***** Source data

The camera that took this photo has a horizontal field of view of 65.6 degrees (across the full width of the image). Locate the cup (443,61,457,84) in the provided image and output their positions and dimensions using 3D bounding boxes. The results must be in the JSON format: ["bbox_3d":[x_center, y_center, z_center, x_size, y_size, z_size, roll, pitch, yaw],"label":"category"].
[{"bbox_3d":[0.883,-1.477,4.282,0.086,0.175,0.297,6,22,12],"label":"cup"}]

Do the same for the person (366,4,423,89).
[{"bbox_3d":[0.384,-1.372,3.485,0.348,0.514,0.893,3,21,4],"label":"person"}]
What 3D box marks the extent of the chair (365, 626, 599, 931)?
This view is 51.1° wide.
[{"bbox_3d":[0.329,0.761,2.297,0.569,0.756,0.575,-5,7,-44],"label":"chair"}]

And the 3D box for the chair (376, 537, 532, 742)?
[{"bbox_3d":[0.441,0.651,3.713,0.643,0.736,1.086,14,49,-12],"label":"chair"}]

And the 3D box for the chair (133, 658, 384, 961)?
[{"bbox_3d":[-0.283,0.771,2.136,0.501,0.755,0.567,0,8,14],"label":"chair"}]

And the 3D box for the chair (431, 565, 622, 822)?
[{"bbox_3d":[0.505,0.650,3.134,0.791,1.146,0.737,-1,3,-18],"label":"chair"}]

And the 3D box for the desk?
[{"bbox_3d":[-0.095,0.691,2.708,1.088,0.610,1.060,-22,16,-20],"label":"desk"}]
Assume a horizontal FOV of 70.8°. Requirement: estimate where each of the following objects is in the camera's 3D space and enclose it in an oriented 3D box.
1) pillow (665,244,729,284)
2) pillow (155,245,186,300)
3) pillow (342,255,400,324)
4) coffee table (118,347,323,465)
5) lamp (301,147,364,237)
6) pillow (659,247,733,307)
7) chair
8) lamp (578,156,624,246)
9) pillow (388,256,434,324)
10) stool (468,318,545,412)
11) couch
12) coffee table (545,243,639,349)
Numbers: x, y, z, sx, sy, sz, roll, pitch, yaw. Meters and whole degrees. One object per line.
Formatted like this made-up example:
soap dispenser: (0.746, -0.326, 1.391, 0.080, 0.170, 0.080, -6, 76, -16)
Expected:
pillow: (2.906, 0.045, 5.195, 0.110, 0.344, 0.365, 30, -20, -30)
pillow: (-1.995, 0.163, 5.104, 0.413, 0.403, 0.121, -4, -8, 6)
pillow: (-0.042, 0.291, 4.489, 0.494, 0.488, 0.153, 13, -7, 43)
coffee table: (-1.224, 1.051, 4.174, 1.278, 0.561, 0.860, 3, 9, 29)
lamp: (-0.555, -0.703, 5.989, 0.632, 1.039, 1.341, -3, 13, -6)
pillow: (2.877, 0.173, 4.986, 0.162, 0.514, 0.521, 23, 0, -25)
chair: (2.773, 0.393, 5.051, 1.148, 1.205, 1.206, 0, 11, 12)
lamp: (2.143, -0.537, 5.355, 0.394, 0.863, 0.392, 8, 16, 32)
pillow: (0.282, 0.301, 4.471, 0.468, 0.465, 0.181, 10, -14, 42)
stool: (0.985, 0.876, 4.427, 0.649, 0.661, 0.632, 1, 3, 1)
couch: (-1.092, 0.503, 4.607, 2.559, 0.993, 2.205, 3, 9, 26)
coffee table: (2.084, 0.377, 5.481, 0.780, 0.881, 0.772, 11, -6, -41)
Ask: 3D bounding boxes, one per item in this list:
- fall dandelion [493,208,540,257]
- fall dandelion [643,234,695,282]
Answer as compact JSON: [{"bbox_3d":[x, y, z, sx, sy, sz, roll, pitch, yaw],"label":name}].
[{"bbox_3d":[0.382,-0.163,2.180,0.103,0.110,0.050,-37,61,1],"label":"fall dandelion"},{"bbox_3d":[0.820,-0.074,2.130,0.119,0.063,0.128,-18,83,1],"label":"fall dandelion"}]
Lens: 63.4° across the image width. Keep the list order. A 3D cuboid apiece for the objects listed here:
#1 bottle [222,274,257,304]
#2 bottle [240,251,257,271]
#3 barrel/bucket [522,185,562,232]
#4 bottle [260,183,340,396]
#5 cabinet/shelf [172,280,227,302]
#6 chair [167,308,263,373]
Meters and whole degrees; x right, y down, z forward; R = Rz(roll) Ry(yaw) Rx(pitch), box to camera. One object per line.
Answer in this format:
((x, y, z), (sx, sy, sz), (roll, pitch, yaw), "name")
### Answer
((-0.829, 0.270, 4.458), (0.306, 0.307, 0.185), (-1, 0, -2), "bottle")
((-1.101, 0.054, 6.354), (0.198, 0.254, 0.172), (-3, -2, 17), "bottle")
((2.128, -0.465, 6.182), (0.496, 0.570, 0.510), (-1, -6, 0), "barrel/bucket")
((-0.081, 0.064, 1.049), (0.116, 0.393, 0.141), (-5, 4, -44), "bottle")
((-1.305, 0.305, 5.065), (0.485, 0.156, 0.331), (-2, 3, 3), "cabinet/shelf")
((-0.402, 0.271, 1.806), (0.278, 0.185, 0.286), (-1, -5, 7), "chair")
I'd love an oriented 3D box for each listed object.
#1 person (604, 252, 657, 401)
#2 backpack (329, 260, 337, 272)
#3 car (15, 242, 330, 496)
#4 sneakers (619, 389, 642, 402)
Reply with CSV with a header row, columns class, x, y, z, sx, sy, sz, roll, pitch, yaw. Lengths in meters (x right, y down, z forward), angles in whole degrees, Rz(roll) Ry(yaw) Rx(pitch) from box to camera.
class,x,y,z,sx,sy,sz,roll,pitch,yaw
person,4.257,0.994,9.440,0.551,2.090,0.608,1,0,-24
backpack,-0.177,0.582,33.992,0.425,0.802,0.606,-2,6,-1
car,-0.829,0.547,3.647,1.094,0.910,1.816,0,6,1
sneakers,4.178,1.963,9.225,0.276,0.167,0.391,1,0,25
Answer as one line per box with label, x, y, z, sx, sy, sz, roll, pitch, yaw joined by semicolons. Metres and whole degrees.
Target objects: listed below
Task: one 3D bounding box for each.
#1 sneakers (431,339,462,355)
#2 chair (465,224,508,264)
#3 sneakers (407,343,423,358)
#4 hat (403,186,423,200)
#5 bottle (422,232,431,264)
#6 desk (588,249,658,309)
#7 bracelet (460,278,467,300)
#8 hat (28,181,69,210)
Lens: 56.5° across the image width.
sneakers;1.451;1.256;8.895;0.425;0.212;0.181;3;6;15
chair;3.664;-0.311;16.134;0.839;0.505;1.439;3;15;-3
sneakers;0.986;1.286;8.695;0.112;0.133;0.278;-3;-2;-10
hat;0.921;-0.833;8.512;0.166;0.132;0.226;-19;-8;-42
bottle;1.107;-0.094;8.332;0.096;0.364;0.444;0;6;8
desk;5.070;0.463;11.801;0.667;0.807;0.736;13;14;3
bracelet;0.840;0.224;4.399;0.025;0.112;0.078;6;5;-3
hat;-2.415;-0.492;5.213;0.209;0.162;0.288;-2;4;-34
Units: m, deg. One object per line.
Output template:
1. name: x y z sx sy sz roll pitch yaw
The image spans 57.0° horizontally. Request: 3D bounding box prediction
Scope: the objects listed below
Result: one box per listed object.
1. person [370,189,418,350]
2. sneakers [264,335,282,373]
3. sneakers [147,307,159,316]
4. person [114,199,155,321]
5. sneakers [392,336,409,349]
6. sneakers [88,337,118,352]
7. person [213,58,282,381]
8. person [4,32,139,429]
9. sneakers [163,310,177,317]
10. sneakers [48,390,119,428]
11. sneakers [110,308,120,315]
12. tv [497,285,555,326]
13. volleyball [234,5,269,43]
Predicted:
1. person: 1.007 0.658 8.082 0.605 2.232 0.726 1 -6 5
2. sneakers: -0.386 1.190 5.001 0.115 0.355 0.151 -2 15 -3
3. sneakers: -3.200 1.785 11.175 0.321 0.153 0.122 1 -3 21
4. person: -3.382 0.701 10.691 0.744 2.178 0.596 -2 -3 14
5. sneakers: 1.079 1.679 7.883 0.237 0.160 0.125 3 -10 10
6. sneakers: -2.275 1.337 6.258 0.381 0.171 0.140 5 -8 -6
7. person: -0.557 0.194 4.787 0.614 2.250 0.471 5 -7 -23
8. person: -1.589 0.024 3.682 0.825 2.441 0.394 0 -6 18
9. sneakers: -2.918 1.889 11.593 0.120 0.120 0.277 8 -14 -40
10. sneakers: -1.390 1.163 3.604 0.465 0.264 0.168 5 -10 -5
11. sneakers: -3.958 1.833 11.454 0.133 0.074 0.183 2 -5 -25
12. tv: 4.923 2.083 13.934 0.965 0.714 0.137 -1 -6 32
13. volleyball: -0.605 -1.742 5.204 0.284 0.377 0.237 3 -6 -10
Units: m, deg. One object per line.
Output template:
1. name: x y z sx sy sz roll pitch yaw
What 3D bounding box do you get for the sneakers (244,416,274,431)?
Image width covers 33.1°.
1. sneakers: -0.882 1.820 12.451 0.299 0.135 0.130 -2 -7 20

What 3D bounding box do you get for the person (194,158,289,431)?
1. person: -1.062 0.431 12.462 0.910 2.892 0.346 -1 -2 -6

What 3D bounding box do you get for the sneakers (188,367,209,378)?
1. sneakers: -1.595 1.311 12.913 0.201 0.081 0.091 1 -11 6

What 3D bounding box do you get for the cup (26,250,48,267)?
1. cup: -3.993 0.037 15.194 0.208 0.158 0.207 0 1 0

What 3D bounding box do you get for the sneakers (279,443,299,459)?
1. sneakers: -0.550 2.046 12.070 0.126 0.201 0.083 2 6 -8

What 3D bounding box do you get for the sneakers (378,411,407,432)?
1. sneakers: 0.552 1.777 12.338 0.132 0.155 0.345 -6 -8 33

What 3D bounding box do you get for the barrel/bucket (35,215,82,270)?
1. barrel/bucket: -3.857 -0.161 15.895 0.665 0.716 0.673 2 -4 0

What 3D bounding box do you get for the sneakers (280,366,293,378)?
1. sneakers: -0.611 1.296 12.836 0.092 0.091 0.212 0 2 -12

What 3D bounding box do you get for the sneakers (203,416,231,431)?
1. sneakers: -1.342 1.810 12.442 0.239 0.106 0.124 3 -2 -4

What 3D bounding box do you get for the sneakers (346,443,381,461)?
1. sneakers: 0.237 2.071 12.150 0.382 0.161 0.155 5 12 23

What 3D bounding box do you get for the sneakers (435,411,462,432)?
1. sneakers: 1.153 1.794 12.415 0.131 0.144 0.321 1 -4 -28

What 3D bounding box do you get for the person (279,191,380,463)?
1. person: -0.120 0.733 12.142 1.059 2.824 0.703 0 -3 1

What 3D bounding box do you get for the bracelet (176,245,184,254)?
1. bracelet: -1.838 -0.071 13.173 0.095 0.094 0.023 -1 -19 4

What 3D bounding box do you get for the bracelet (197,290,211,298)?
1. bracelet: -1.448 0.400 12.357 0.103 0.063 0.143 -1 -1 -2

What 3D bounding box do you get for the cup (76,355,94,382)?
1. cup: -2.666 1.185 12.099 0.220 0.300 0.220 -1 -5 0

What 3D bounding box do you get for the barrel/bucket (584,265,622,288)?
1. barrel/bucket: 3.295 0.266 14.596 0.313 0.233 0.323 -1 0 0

**********

Out of the data above, return each line where the word "objects" can be found.

Assume a horizontal FOV of 70.8°. Requirement: estimate where each of the following objects is in the camera's 3D space and enclose it in an oriented 3D box.
Lens: 63.4° across the image width. Keep the list order. A 3D cuboid apiece for the objects listed here:
Target objects: listed below
Scope: the objects listed below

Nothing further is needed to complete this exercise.